Appellant, Louis Espinosa, Ernest Clay White, and a group of their acquaintances met on November 17, 1994 at Meadow Village Apartments in Temple to "party" and sell drugs. Appellant and Espinosa were angry with Guana and had openly expressed their intentions to beat-up and rob Guana. Shortly after Guana arrived at the party, Espinosa, White, and appellant hit and kicked Guana and then duct-taped his mouth and hands. Appellant and Espinosa put Guana in the trunk of a car, and then, along with White, drove to an empty field in Temple. Espinosa brought a gun. After taking Guana out of the trunk, appellant and Espinosa took Guana into the field where Espinosa shot him two times in the head. Authorities found Guana's body the next day. Guana's wallet, beeper, and car keys were missing from his person, and his CD player was missing from his car.
Appellant fled with Espinosa to San Antonio after Guana's murder. After learning appellant's whereabouts, a Temple police detective and a Texas Ranger went to San Antonio and found appellant at a friend's house. Appellant voluntarily went to the Texas Ranger office in San Antonio where he gave two written statements to law enforcement authorities, one to a police detective and another to a Texas Ranger. Appellant's interviews and confessions took more than twelve hours, but appellant was told that he was free to leave at any time. Before appellant gave each confession, the officer taking his statement advised him that he had a right to an attorney, that his statement could be used against him, and that he could terminate his interview at any time. Appellant asked the police detective, "Do I need an attorney?" and the detective responded that it was appellant's decision. After appellant finished his second statement, the police officer told him that the department was pursuing a warrant for his arrest and that he was free to leave or wait until a warrant was obtained. Appellant chose to wait.

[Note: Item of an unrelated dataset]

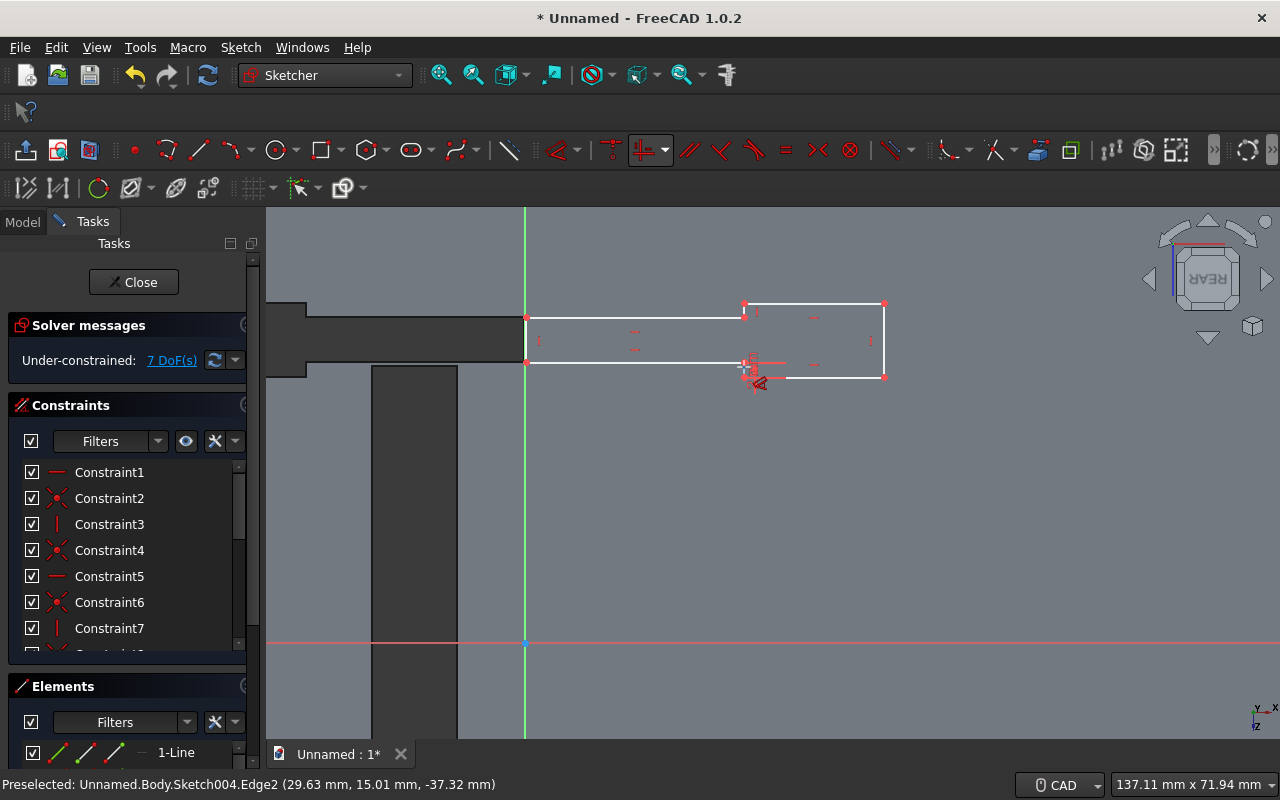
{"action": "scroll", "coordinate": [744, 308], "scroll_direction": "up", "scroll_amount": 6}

Appellant was indicted for capital murder--intentional murder committed in the course of attempting and committing robbery and/or kidnapping. See Tex. Penal Code Ann. § 19.03. The judge allowed the testimony of several State witnesses, including White, and admitted appellant's confessions in evidence over his objection. The judge also overruled appellant's objection to an instruction on the law of parties in the jury charge.
Insufficient Evidence
In his first point of error, appellant complains that there was insufficient evidence to find him guilty of the offense charged because the proof showed he acted only as a party to the offense. Appellant argues that because the indictment did not allege he acted as a party, he could not be found guilty under this theory. If the record contains evidence to support a charge on the law of parties, however, the court may charge on the law of parties and the verdict will support a capital murder conviction even though the indictment does not allege that the defendant acted as a party to the offense. Tucker v. State, 771 S.W.2d 523, 529 (Tex. Crim. App. 1988); English v. State, 592 S.W.2d 949, 955 (Tex. Crim. App. 1980); Pitts v. State, 569 S.W.2d 898, 900 (Tex. Crim. App. 1978). See Tex. Penal Code Ann. § 7.01 (West 1994). The record contains sufficient evidence to support appellant's conviction under the law of parties, and appellant does not argue to the contrary. We overrule point of error one.
Appellant's Confession
Appellant next complains that his separate confessions to a police detective and a Texas Ranger should not have been admitted in evidence. In his discussion of the point, he merely recites the facts surrounding his confession. He fails, however, to state any reason or argument why admitting his confession was error, and he cites no authority in support of his contention. Instead, appellant makes only a general statement that the Fifth Amendment and the "the Miranda Ruling" establish his right "to participate and understand his rights when talking with the police." See U.S. Const. amend. V; Miranda v. Arizona, 382 U.S. 436 (1966). Appellant does not challenge the lawfulness of the proceedings, suggest that he did not understand the significance of his statements, or suggest that the confessions were involuntary or coerced. The entirety of his argument is, "It must be assumed that the criminal defendant hears his rights warning but rarely understands the magnitude of the event."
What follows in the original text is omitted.